Install the application requirements

curl https://raw.githubusercontent.com/openvinotoolkit/model_server/main/demos/continuous_batching/agentic_ai/openai_agent.py -o openai_agent.py
pip install -r https://raw.githubusercontent.com/openvinotoolkit/model_server/main/demos/continuous_batching/agentic_ai/requirements.txt

Make sure nodejs and npx are installed. On ubuntu it would require sudo apt install nodejs npm. On windows, visit https://nodejs.org/en/download. It is needed for the file system MCP server.

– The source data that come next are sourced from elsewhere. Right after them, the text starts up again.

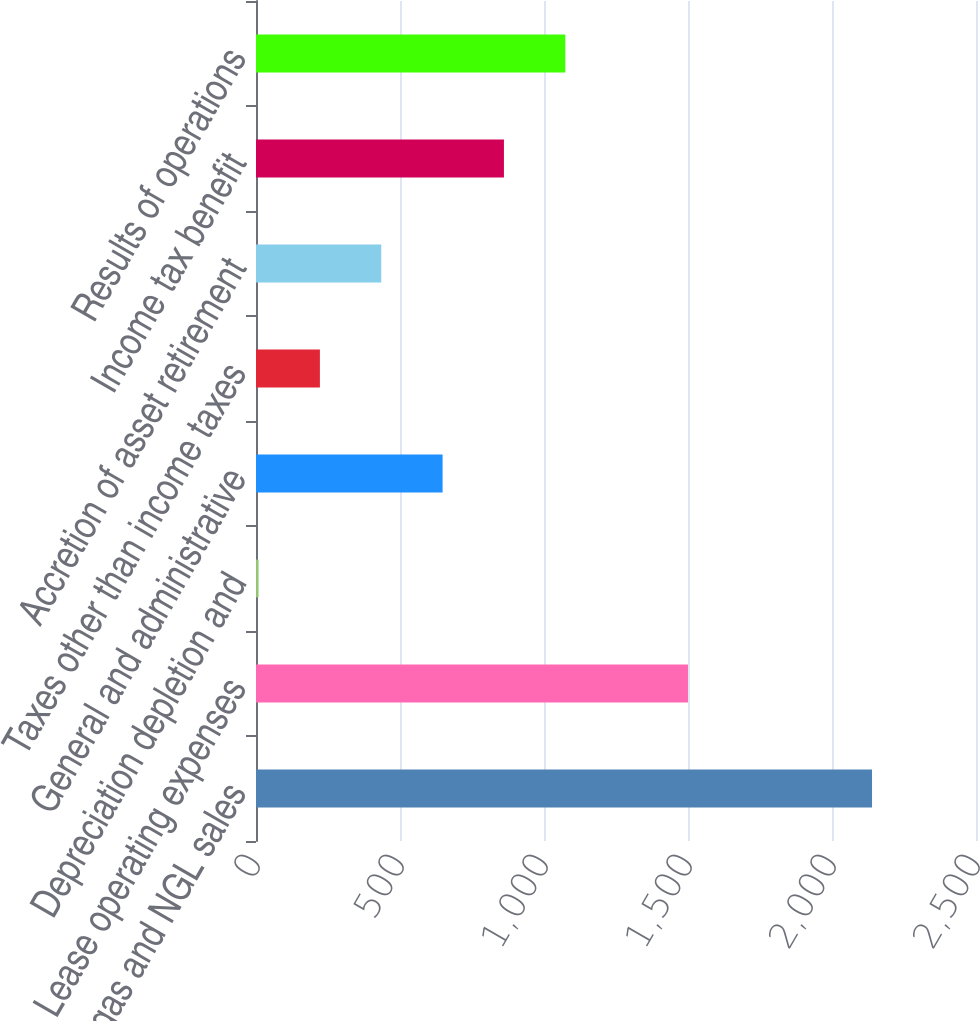Convert chart to OTSL. <chart><loc_0><loc_0><loc_500><loc_500><bar_chart><fcel>Oil gas and NGL sales<fcel>Lease operating expenses<fcel>Depreciation depletion and<fcel>General and administrative<fcel>Taxes other than income taxes<fcel>Accretion of asset retirement<fcel>Income tax benefit<fcel>Results of operations<nl><fcel>2139<fcel>1499.98<fcel>8.84<fcel>647.9<fcel>221.86<fcel>434.88<fcel>860.92<fcel>1073.94<nl></chart> 
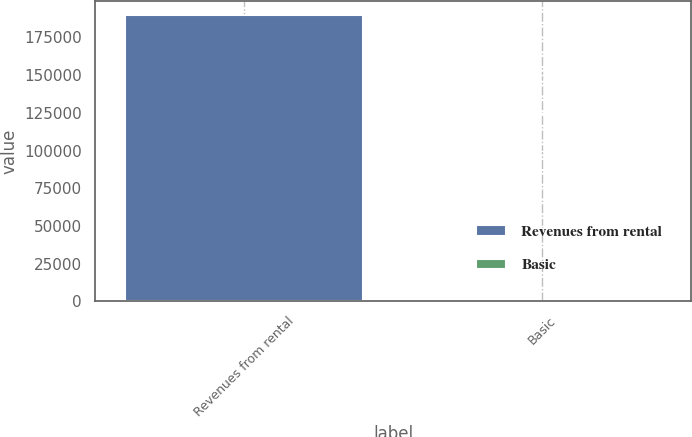Convert chart to OTSL. <chart><loc_0><loc_0><loc_500><loc_500><bar_chart><fcel>Revenues from rental<fcel>Basic<nl><fcel>189951<fcel>0.38<nl></chart> 
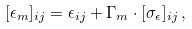<formula> <loc_0><loc_0><loc_500><loc_500>[ \epsilon _ { m } ] _ { i j } = \epsilon _ { i j } + \Gamma _ { m } \cdot [ \sigma _ { \epsilon } ] _ { i j } \, ,</formula>

Run the agentic application:

python openai_agent.py --query "What is the current weather in Tokyo?" --model Qwen/Qwen3-8B --base-url http://localhost:8000/v3 --mcp-server-url http://localhost:8080/sse --mcp-server all --stream --enable-thinking
python openai_agent.py --query "List the files in folder /root" --model Qwen/Qwen3-8B --base-url http://localhost:8000/v3 --mcp-server-url http://localhost:8080/sse --mcp-server all
python openai_agent.py --query "What is the current weather in Tokyo?" --model Qwen/Qwen3-4B --base-url http://localhost:8000/v3 --mcp-server-url http://localhost:8080/sse --mcp-server all --stream
python openai_agent.py --query "List the files in folder /root" --model Qwen/Qwen3-4B --base-url http://localhost:8000/v3 --mcp-server-url http://localhost:8080/sse --mcp-server all
python openai_agent.py --query "List the files in folder /root" --model meta-llama/Llama-3.1-8B-Instruct --base-url http://localhost:8000/v3 --mcp-server-url http://localhost:8080/sse --mcp-server all
python openai_agent.py --query "List the files in folder /root" --model mistralai/Mistral-7B-Instruct-v0.3 --base-url http://localhost:8000/v3 --mcp-server-url http://localhost:8080/sse --mcp-server weather
python openai_agent.py --query "List the files in folder /root" --model meta-llama/Llama-3.2-3B-Instruct --base-url http://localhost:8000/v3 --mcp-server-url http://localhost:8080/sse --mcp-server weather
python openai_agent.py --query "What is the current weather in Tokyo?" --model microsoft/Phi-4-mini-instruct --base-url http://localhost:8000/v3 --mcp-server-url http://localhost:8080/sse --mcp-server weather
python openai_agent.py --query "What is the current weather in Tokyo?" --model OpenVINO/Qwen3-8B-int4-ov --base-url http://localhost:8000/v3 --mcp-server-url http://localhost:8080/sse --mcp-server weather
python openai_agent.py --query "What is the current weather in Tokyo?" --model OpenVINO/Mistral-7B-Instruct-v0.3-int4-ov --base-url http://localhost:8000/v3 --mcp-server-url http://localhost:8080/sse --mcp-server weather --tool-choice required
python openai_agent.py --query "What is the current weather in Tokyo?" --model OpenVINO/Phi-4-mini-instruct-int4-ov --base-url http://localhost:8000/v3 --mcp-server-url http://localhost:8080/sse --mcp-server weather

Note: The tool checking the weather forecast in the demo is making a remote call to a REST API server. Make sure you have internet connection and proxy configured while running the agent.

Note: For more interactive mode you can run the application with streaming enabled by providing --stream parameter to the script. Currently streaming is enabled models using hermes3 tool parser.